MUTTerings: 10 Weird Ways to Help Shelter Dogs
Check out these unusual ways to help shelter pets that you might not have thought of before.
Nikki Moustaki |
Posted: August 14, 2012, 3 p.m. EDT
If you don’t know this already, I’ll tell you now that most dog shelters are tragically understaffed and underfunded. There’s always one more thing to be done, and not enough hands or time in the day to do it. As a result, dogs go unwalked, cages go uncleaned, blankets go unwashed, and dogs go unbathed. Volunteering at your local shelter gives you a quality somewhere between “angel” and “Buddha.”
However, the reality is that most people can’t volunteer at a shelter. People have busy lives. Other people can’t stand the idea of being among animals that may be put to death – it’s too sad for them.
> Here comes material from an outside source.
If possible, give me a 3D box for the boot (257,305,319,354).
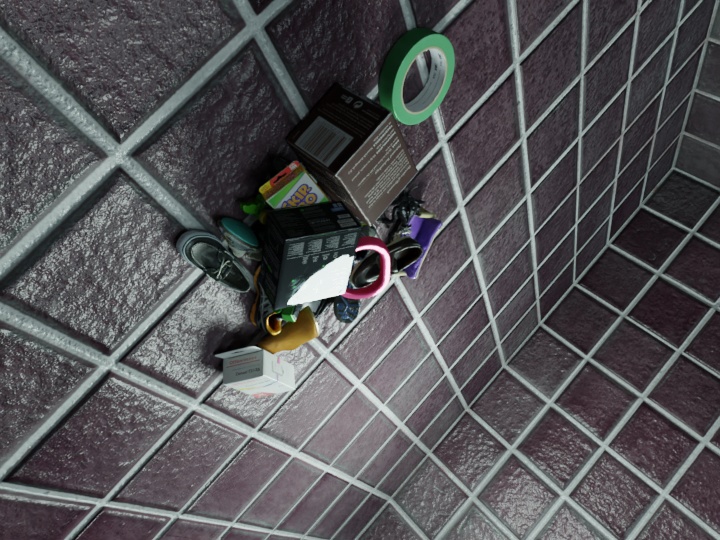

Understandable. But there are many ways to help shelter pets without spending hours at a shelter, or making yourself sad. I’d say to buck up and get over the “sad” part for the sake of the dogs – that’s what I had to do – but some folks can’t do it.
Here are 10 unusual ways to help shelter pets that you might not have thought of before:
Take Photos:Shutterbugs are in a position to help shelter dogs in a big way. Most shelter photos are abysmal. A shelter photo should be as good as an online dating profile photo. You wouldn’t put your worst picture on a dating profile and expect anyone to respond, would you? The same goes for the dogs.
Shelters are often amenable to people who want to come in and take better photos of the adoptable dogs. This is a great place to practice your photo skills if you’re a beginner. For those just starting out, the book “Dog Photography for Dummies" is a great guide not just to dog photos, but also to photographing dogs in shelters. If you’re a seasoned photographer, think of the service you can provide for the dogs – one photo can save a life.
Create Videos: Creating a video for an adoptable dog goes a step beyond the photo. I’ve done this many times and have had great success with it. People like to see the dogs in action. A video gives a better impression of the dog’s temperament. You don’t have to get fancy – most people’s phones have video capabilities these days, and many also have apps that let you edit the video and add music, etc. Then you can share these videos on your social media, or give them to the shelter to share.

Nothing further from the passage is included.